Os jornalistas voaram para seus carros. Começou a perseguição. Para onde estaria indo Silvio Santos, sozinho ao volante? Algum encontro político secreto para viabilizar sua frágil candidatura a presidente da República? Aos poucos, os carros dos repórteres foram ficando todos para trás, menos um.
A Folha conseguiu colar no Camaro, mesmo depois de atravessar uma congestionada ponte Cidade Jardim. Na altura da avenida Faria Lima, Silvio Santos fez alguns contornos até estacionar o automóvel. Desceu e caminhou até o seu destino: o cabeleireiro Jassa. O apresentador de TV estava indo para sua sessão semanal de tintura de cabelo -no caso, na sua cor predileta: acaju.
A campanha eleitoral de 1989 foi de muita experimentação, não apenas para os políticos, mas para os jornais. Todos estavam desacostumados a uma evento daquela magnitude. A última disputa direta para presidente havia sido em 1960, com a vitória de Janio Quadros, que renunciaria em 61.
A mídia se interessava pelos mínimos detalhes de cada candidato. Com tantos candidatos na disputa, não havia segurança sobre quem poderia estar no segundo turno. A ponto de menos de um mês antes da eleição ter sido cogitada a candidatura de Silvio Santos -inviabilizada pela Justiça Eleitoral.

"Cristianização"
Ulysses Guimarães (1916-1992) surgiu como um gigante em 1988. Tinha sido presidente da Câmara, presidente do PMDB e presidente da Constituinte. A Folha o acompanhou em quase todos os seus comícios. Por exemplo, em Tianguá, no Ceará, e em Oeiras, no Piauí.
Os comícios de Ulysses tinham quase sempre público postiço. Uma centena ou pouco mais de cabos eleitorais eram arregimentados em troca de um lanche e uma bebida para fazerem figuração. No final, o peemedebista teve apenas 4,7% dos votos válidos. Ficou num humilhante 7º lugar.
Aos 73 anos, era o mais velho entre os candidatos de 1989. Reviveu o fenômeno da "cristianização", uma referência a Cristiano Machado, candidato a presidente em 1950 pelo PSD traído pelo partido.
Ulysses foi o para-raios de todas as traições em 1989. Uma história contada nos bastidores do PMDB sobre seu comício em Pernambuco resume como era o ambiente.

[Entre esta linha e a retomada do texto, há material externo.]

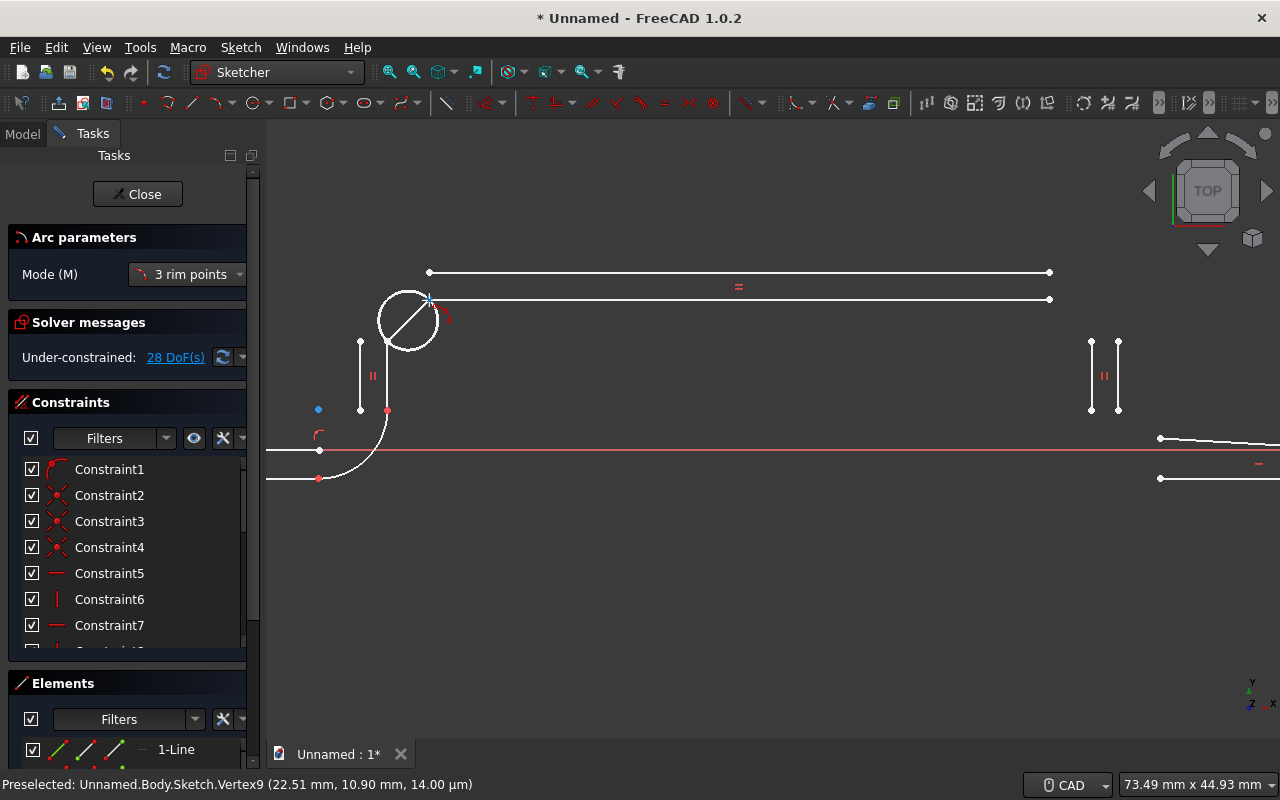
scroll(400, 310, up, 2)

Miguel Arraes (1916-2005) era o governador daquele Estado e filiado ao PMDB. Perguntou a um assessor: "Qual é o pior dia para fazermos um comício aqui para o Ulysses?". E o assessor: "Domingo. Se chover, todos ficam em casa. Se fizer sol, todos vão à praia". Foi o dia escolhido.

PMDB fragmentado
A eleição de 1989 forjou as bases das principais características da atual política. O PMDB fracassou com Ulysses. Nunca mais teve chance de chegar sozinho ao Planalto. Fragmentou-se em grupos regionais.
O PT iniciou ali sua persistente trajetória, com Lula disputando a primeira de suas cinco eleições presidenciais. Ninguém disputou o Planalto mais do que o petista.

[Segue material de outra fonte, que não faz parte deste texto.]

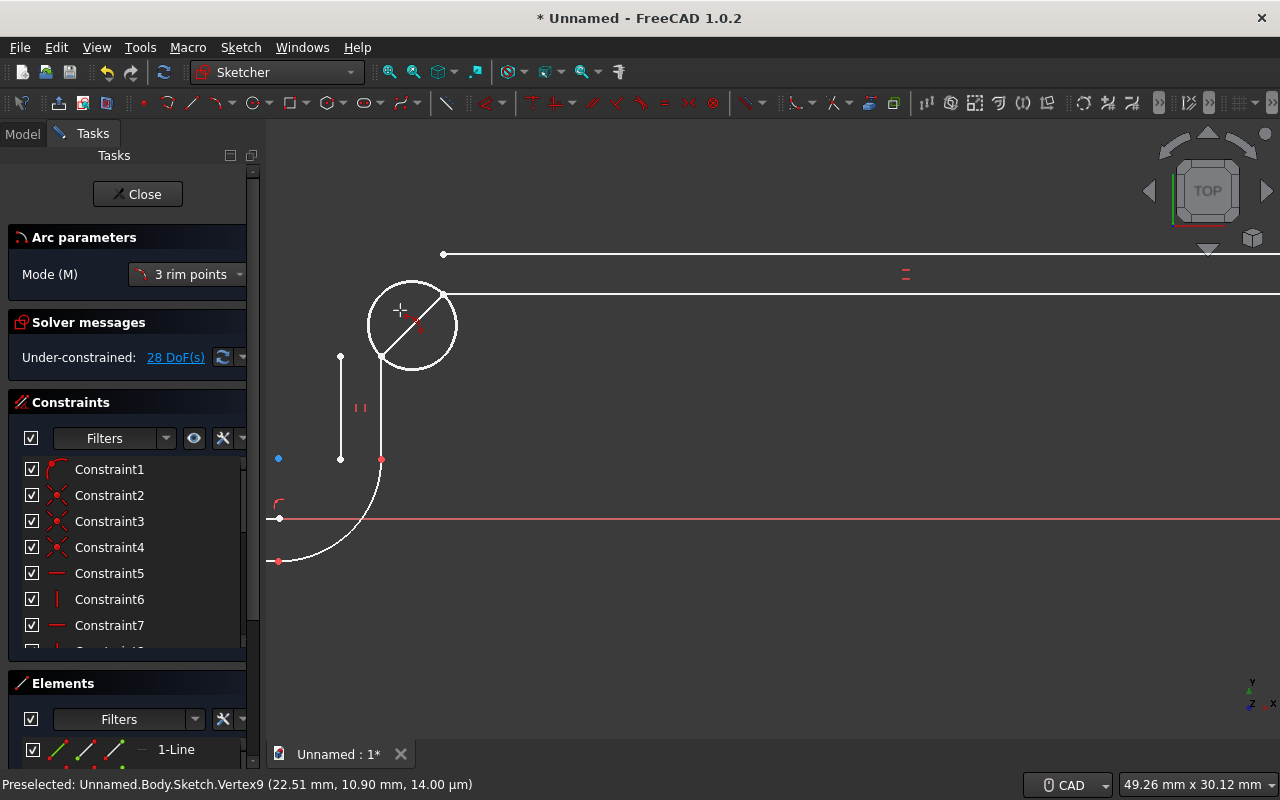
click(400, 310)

O PSDB, com Mário Covas (1930-2001), deu o sinal do que viria mais adiante com Fernando Henrique Cardoso. Covas escolheu como ideia-força de sua campanha a necessidade de dar um "choque de capitalismo" no Brasil. Coube a FHC, em sua gestão na Presidência, promover o maior programa de venda de empresas estatais da história a partir de 1995.
Fernando Collor de Mello, filiado ao nanico PRN, o Partido da Renovação Nacional, foi também o prenúncio de um democratismo renitente na política nacional: a tolerância com partidos sem voto, mas com muito dinheiro do fundo partidário e tempo de rádio e de TV para barganhar nas campanhas eleitorais.
O sistema eleitoral e partidário não se livra dessas agremiações porque todas são úteis a quem está no poder. Fazem o serviço sujo. Foi assim na votação da emenda da reeleição de Fernando Henrique Cardoso, em 1998, quando houve compra de votos, e no esquema do mensalão promovido durante o governo Lula.
Os nanicos começaram a funcionar nacionalmente dessa maneira em 1989 ao terem ajudado Collor. O então quase desconhecido governador alagoano se viabilizou aparecendo nos programas de TV de partidos pequenos. Collor fez escola. O modelo é usado até hoje.